就職(内定)率のマジック


就職(内定)率

計算式
就職決定者数÷就職希望者数

就職を希望している人のうち、どれだけの人数が就職したか(または、内定をもらえたか)という割合。

あくまで就職を希望した人数に占める就職決定者の割合であり、例えば①進学、②留学、③ニート、④フリーター、⑤公務員浪人に至る人の数が母数に反映されていないため、注意する必要がある(特に文部科学省が④と⑤を分母から外して計算しても良いと認めた2001年以降)。また、複数の就職先から内定をもらったケースをそのまま単純合算し、就職率が100%を越える、と喧伝する学校もある。大学や専門学校などがパンフレット等の対外資料に就職率を載せている場合、こちらの数字の場合がある。

教育学部については、教員の採用内定時期が一般企業と比べて遅いことと、近年臨時採用を経た後、新規採用する都道府県が増えているため、就職(内定)率は低めである。

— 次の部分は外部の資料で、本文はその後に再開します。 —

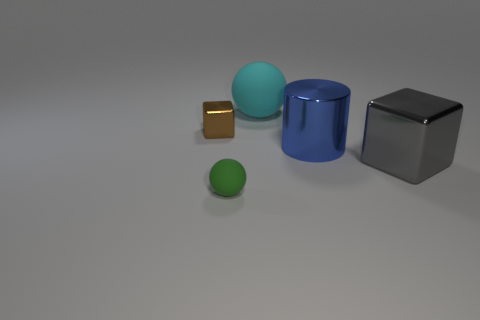Add 3 shiny objects. How many objects exist? 8 Subtract all spheres. How many objects are left? 3 Subtract all big cyan balls. Subtract all tiny spheres. How many objects are left? 3 Add 4 tiny rubber objects. How many tiny rubber objects are left? 5 Add 1 red shiny things. How many red shiny things exist? 1 Subtract 0 blue cubes. How many objects are left? 5 
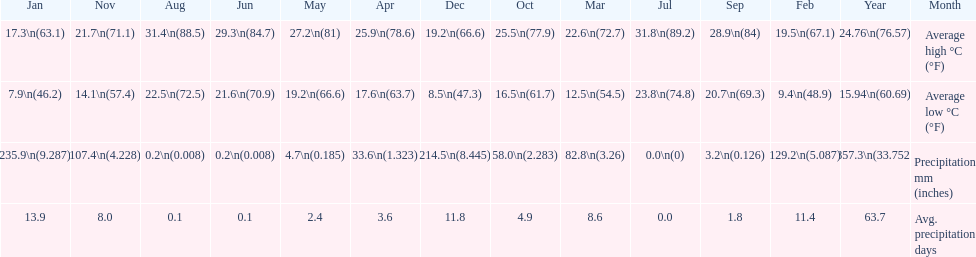Would you be able to parse every entry in this table? {'header': ['Jan', 'Nov', 'Aug', 'Jun', 'May', 'Apr', 'Dec', 'Oct', 'Mar', 'Jul', 'Sep', 'Feb', 'Year', 'Month'], 'rows': [['17.3\\n(63.1)', '21.7\\n(71.1)', '31.4\\n(88.5)', '29.3\\n(84.7)', '27.2\\n(81)', '25.9\\n(78.6)', '19.2\\n(66.6)', '25.5\\n(77.9)', '22.6\\n(72.7)', '31.8\\n(89.2)', '28.9\\n(84)', '19.5\\n(67.1)', '24.76\\n(76.57)', 'Average high °C (°F)'], ['7.9\\n(46.2)', '14.1\\n(57.4)', '22.5\\n(72.5)', '21.6\\n(70.9)', '19.2\\n(66.6)', '17.6\\n(63.7)', '8.5\\n(47.3)', '16.5\\n(61.7)', '12.5\\n(54.5)', '23.8\\n(74.8)', '20.7\\n(69.3)', '9.4\\n(48.9)', '15.94\\n(60.69)', 'Average low °C (°F)'], ['235.9\\n(9.287)', '107.4\\n(4.228)', '0.2\\n(0.008)', '0.2\\n(0.008)', '4.7\\n(0.185)', '33.6\\n(1.323)', '214.5\\n(8.445)', '58.0\\n(2.283)', '82.8\\n(3.26)', '0.0\\n(0)', '3.2\\n(0.126)', '129.2\\n(5.087)', '857.3\\n(33.752)', 'Precipitation mm (inches)'], ['13.9', '8.0', '0.1', '0.1', '2.4', '3.6', '11.8', '4.9', '8.6', '0.0', '1.8', '11.4', '63.7', 'Avg. precipitation days']]} What is the month with the lowest average low in haifa? January. 
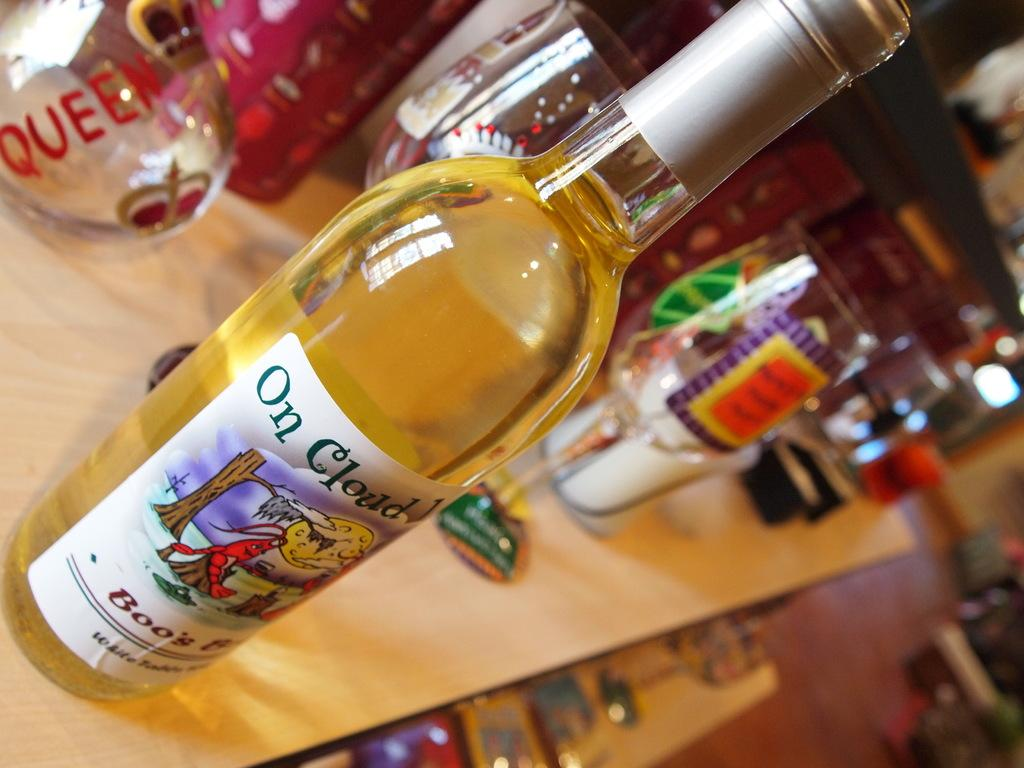<image>
Relay a brief, clear account of the picture shown. A bottle of On Cloud Wine sits on a table with a variety of glasses 
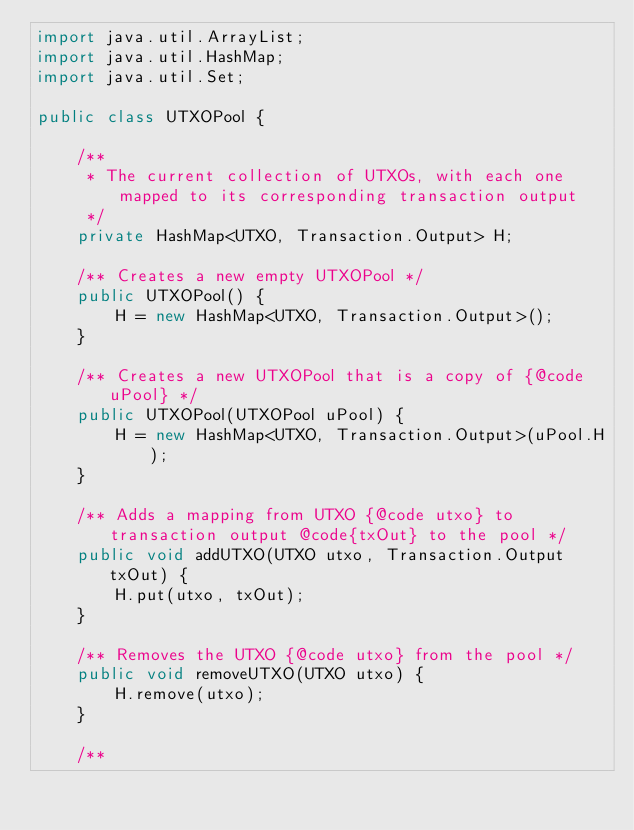Convert code to text. <code><loc_0><loc_0><loc_500><loc_500><_Java_>import java.util.ArrayList;
import java.util.HashMap;
import java.util.Set;

public class UTXOPool {

    /**
     * The current collection of UTXOs, with each one mapped to its corresponding transaction output
     */
    private HashMap<UTXO, Transaction.Output> H;

    /** Creates a new empty UTXOPool */
    public UTXOPool() {
        H = new HashMap<UTXO, Transaction.Output>();
    }

    /** Creates a new UTXOPool that is a copy of {@code uPool} */
    public UTXOPool(UTXOPool uPool) {
        H = new HashMap<UTXO, Transaction.Output>(uPool.H);
    }

    /** Adds a mapping from UTXO {@code utxo} to transaction output @code{txOut} to the pool */
    public void addUTXO(UTXO utxo, Transaction.Output txOut) {
        H.put(utxo, txOut);
    }

    /** Removes the UTXO {@code utxo} from the pool */
    public void removeUTXO(UTXO utxo) {
        H.remove(utxo);
    }

    /**</code> 
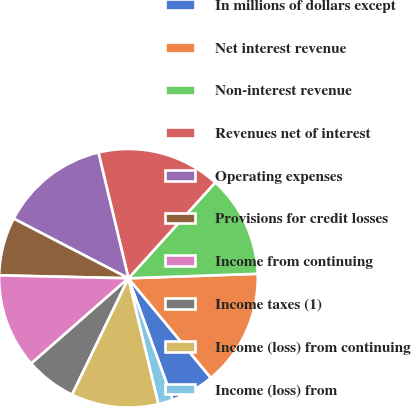Convert chart. <chart><loc_0><loc_0><loc_500><loc_500><pie_chart><fcel>In millions of dollars except<fcel>Net interest revenue<fcel>Non-interest revenue<fcel>Revenues net of interest<fcel>Operating expenses<fcel>Provisions for credit losses<fcel>Income from continuing<fcel>Income taxes (1)<fcel>Income (loss) from continuing<fcel>Income (loss) from<nl><fcel>5.45%<fcel>14.55%<fcel>12.73%<fcel>15.45%<fcel>13.64%<fcel>7.27%<fcel>11.82%<fcel>6.36%<fcel>10.91%<fcel>1.82%<nl></chart> 
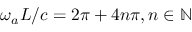Convert formula to latex. <formula><loc_0><loc_0><loc_500><loc_500>\omega _ { a } L / c = 2 \pi + 4 n \pi , n \in \mathbb { N }</formula> 
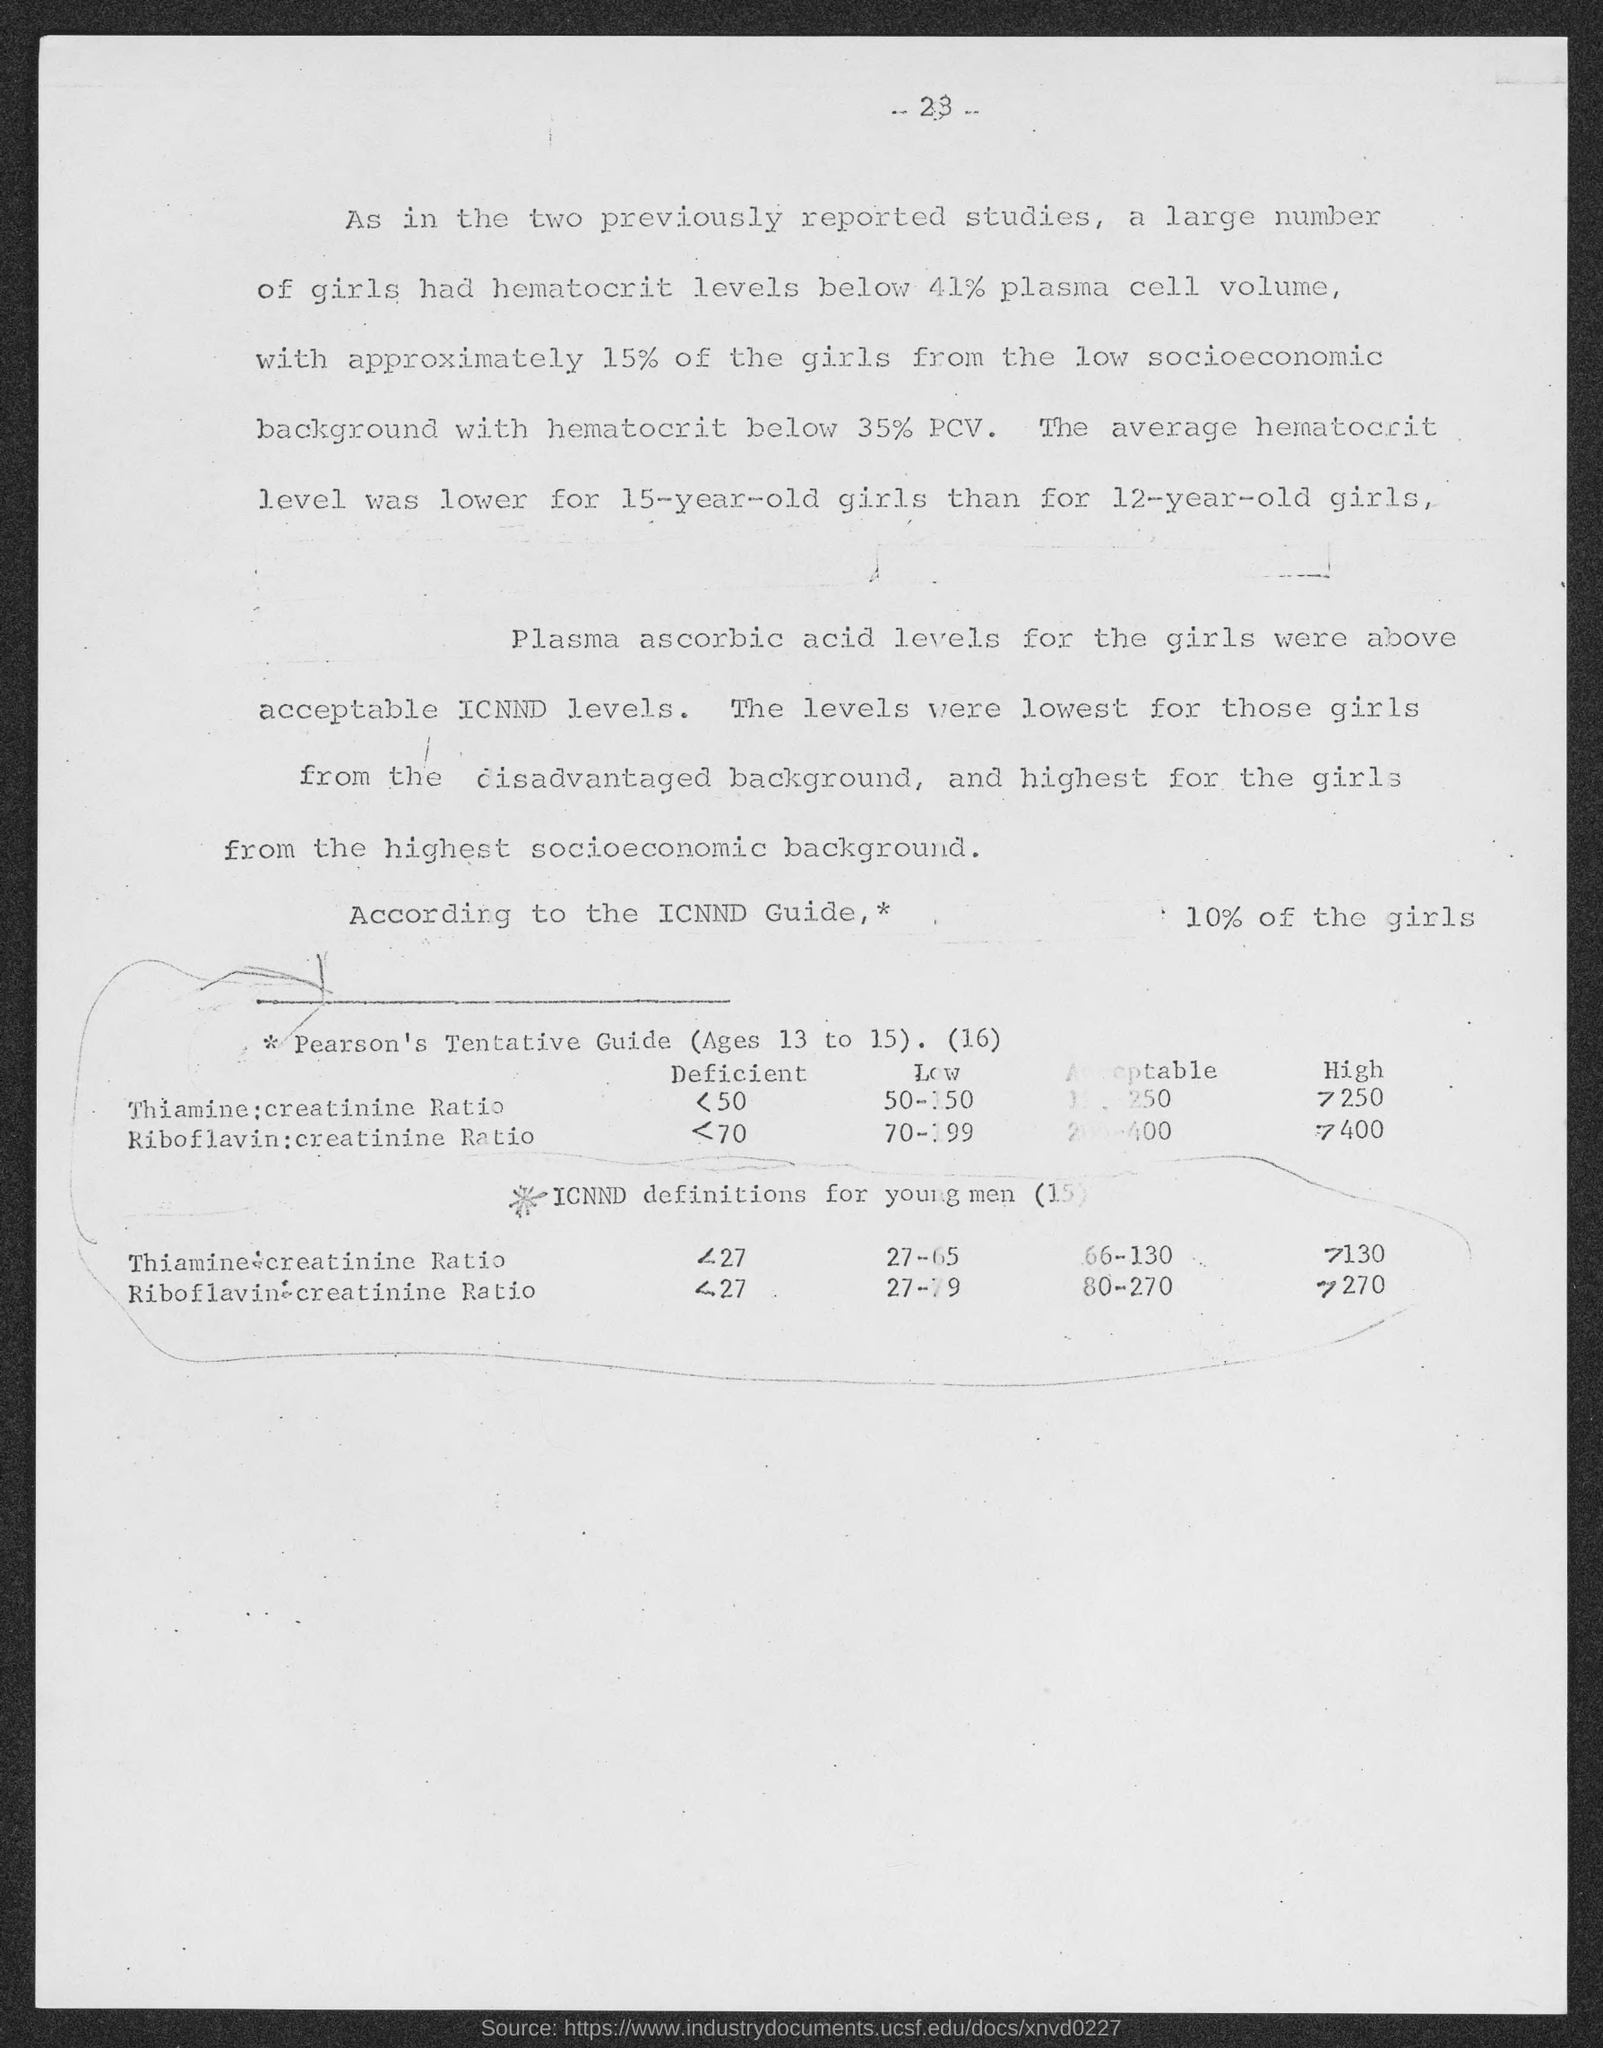What is the page number at top of the page ?
Keep it short and to the point. 23.

個人情報保護法の影響で、有名企業から内定をもらった場合でも大学に報告をしない学生も増え続けており(特に大学の助けを借りずに内定を取った意識の強い学生)、就職(内定)率がどこまで信用していい数字かどうかという問題がある。

公的統計では、「大学等卒業予定者の就職状況調査」や、就職を希望する高校生の就職率を調査した「高校・中学新卒者の就職内定状況等」がある(内容は若干異なるが、いずれも厚生労働省文部科学省で各々出している)。


私立大学のパンフレットを見てみると、どこの大学も、就職内定率が100%近い数値を掲載している。
おそらく98.8%、97.3%などとなっていることが多いのではないかと思う。


上の計算式をよく見てほしい。
分母が就職希望者数となっていることを注目。
分母は就職希望者数。

大学院を希望する人は、この分母に入っていない。
就職を希望していない人は、この分母に入っていない。

就職を希望していない人とは、どのような人かというと、
たとえば

  • フリーターをはじめから希望している人
  • 専門学校に入学して専門技術を身につけたい人
  • 留学を希望している人
  • 研究生として大学に残る人

などがあげられる。

つまり、年度末になると、就職を担当する大学のセクション(就職課など)は
内定を取れていない学生に対して、留学の斡旋、研究生の手続き、専門学校の斡旋などの
アクションを行いだす。

このような努力によって、分母は意図的に減らされて、就職内定率の100%近い数字を作り出す。


パンフレットを鵜呑みにしないでください。からくりがあります。